Each line of the data below should be restated exactly, with images left out.

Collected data
* * * * *

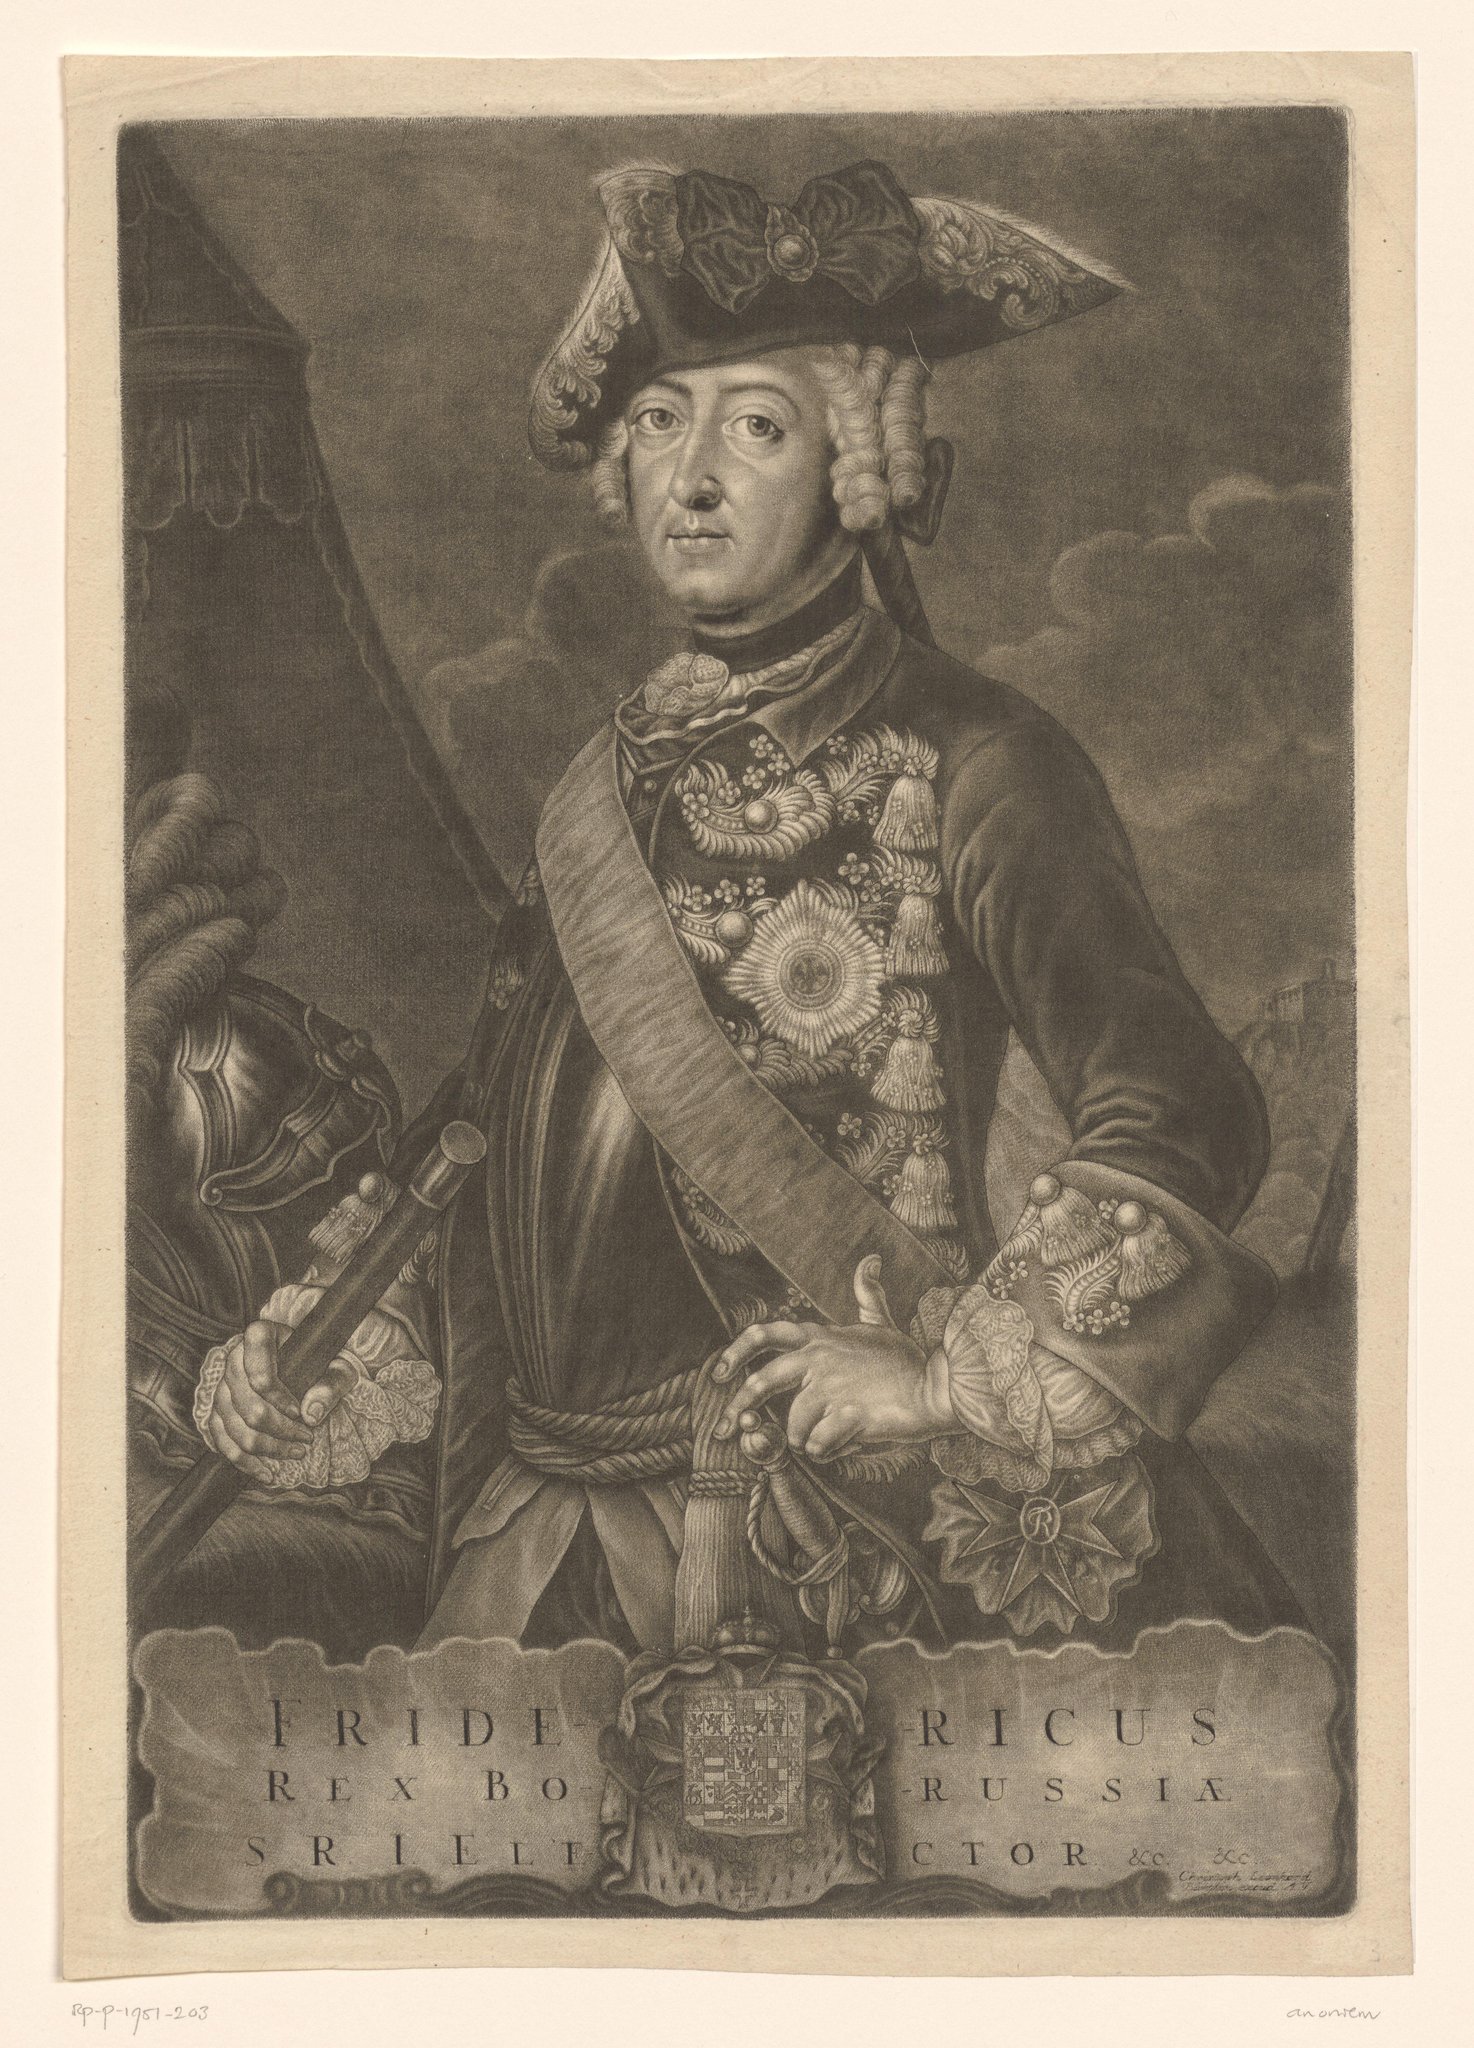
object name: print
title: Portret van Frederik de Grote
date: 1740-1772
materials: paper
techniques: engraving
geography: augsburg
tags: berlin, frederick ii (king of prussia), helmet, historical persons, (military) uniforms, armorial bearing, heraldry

* * * * *

→ Answer to the exercise
object name: print
title: Portret van Frederik de Grote
date: 1740-1772
materials: paper
techniques: engraving
geography: augsburg
tags: berlin, frederick ii (king of prussia), helmet, historical persons, (military) uniforms, armorial bearing, heraldry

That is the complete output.